(Items listed in a dataset)
--------------------

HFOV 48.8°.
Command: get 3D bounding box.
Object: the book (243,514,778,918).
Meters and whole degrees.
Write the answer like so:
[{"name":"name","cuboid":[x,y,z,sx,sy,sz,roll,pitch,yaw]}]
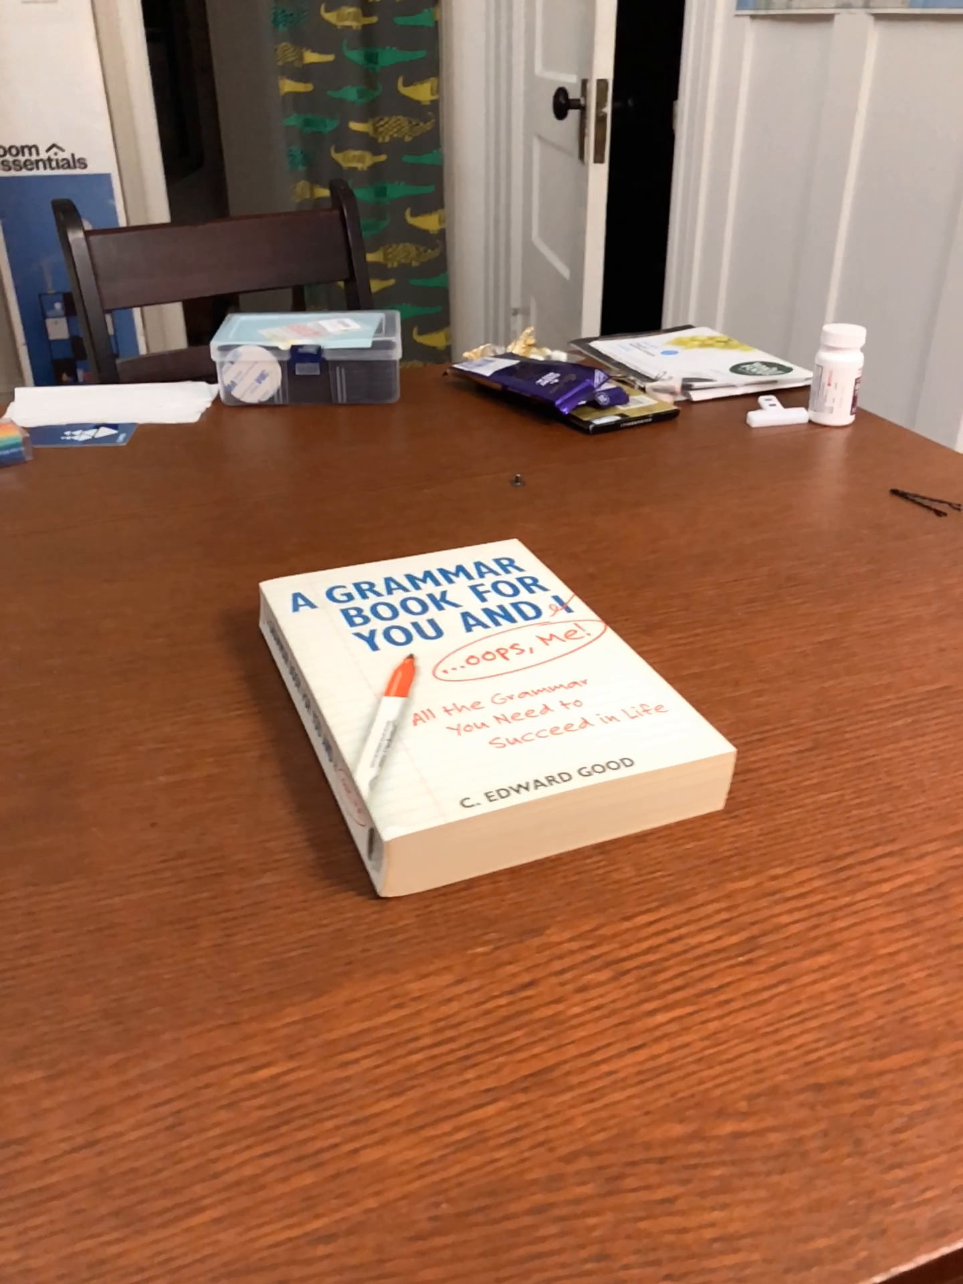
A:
[{"name":"book","cuboid":[-0.004,0.013,0.507,0.170,0.040,0.241,-11,32,-19]}]

--------------------

● EXERCISE REQUIREMENTS
Give again exactly the lines from the one holding "Object: the book (243,514,778,918)." to the final line of the records, both ends included, and nothing more. Pictures do not belong in the copy.

● OUTPUT FOR THIS TASK
Object: the book (243,514,778,918).
Meters and whole degrees.
Write the answer like so:
[{"name":"name","cuboid":[x,y,z,sx,sy,sz,roll,pitch,yaw]}]
A:
[{"name":"book","cuboid":[-0.004,0.013,0.507,0.170,0.040,0.241,-11,32,-19]}]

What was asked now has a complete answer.